Я прислушалась к тишине, которую нарушали только капли, падающие из крана в кухне. Я открыла дверь: мне вдруг захотелось быть поближе к родителям. Замерев, я стояла на пороге кухни. Вокруг была тишина - та особая говорящая тишина, которая по ночам лилась из их комнаты и которую я столько раз уже ощущала. Я затворила дверь. Мне стало стыдно, словно я подсматривала, как они спят.
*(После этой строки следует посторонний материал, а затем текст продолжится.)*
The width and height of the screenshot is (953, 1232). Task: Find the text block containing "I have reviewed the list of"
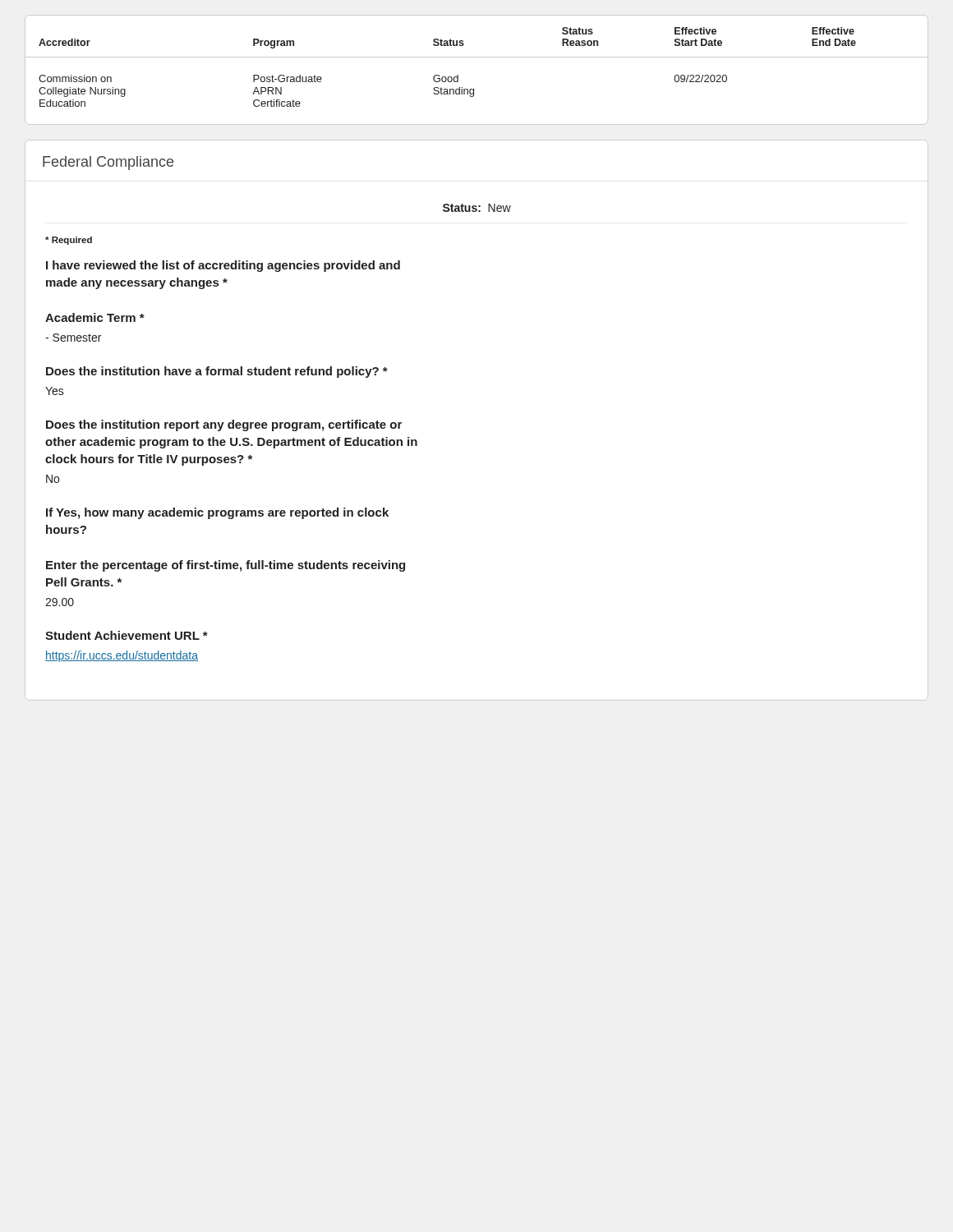223,266

У Амбруша еще горела свеча, и газовый фонарь на улице находился прямо напротив моего окна; когда я хотела читать в постели, мне не нужно было зажигать свет. Я очень люблю рассматривать юридические книги, особенно одну - историю права на французском языке: в ней красивые цветные картинки - ликторы, латинские гессеры, портрет Феодосия Великого, английские судьи на мешках с шерстью. Я легла с книгой в постель и стала играть - теперь уже лежа и мысленно, - что я судья и выношу смертный приговор Ангеле. И тут мне вспомнилось самое важное открытие сегодняшнего дня, которое чуть не позабылось за суетой и заботами об ужине. «Что это за мир, - шептала мне в ухо Ангела, - Эмиль всегда говорит, что это за мир, где судьи - такие люди, как папа. Почему, говорит, он не судит самого себя, по какому праву он вообще судит и выносит приговоры?… Вот как он говорит, - шептала Ангела под кустом бузины, - и не хочет учиться, не буду, говорит, юристом, и у него ужасные друзья, папе он сказал, что все равно все рухнет, придут бедняки и со всеми расправятся».
Я сидела в постели, книга сползла у меня с колен, я сидела выпрямившись, и на столе против кровати колебался отсвет свечи Амбруша. Амбруш пошел из комнаты - и с ним двинулся свет, на стене на одно мгновение была видна даже голова Амбруша и скользящая тень его руки, держащей подсвечник. И я снова ощутила, как зерна кукурузы впиваются мне в бедра и колени, и услышал тихий разговор; шепот Ангелы смешался с шепотом Кароя - и вдруг словно кто-то сдул завесу пыли перед «Тремя гусарами», завесу, поднимаемую по пятницам возвращающимся стадом, и я отчетливо увидела мотоцикл Эмиля, приближающийся со стороны шоссе: он останавливается, на окне в спальне колыхнулась занавеска, Эмиль вбегает в пивной зал, потом возвращается на улицу, бледное лицо его раскраснелось. Неожиданно, не напрягая памяти, я увидела и лицо девушки, которая сидела на мотоцикле позади Эмиля, она была в красной юбке и все поправляла ее, закрывая ноги, и не вошла в пивную, а выпила пиво, принесенное Эмилем, прямо на улице. Тогда, ночью, я поняла, что видела лицо этой девушки еще где-то, только не обратила на нее внимания, занятая другим; она была среди веселых рабочих с кожзавода, которых я видела на ярмарке в тот вечер, когда Юсти и господин Трнка вышли из дома на Кривой улице.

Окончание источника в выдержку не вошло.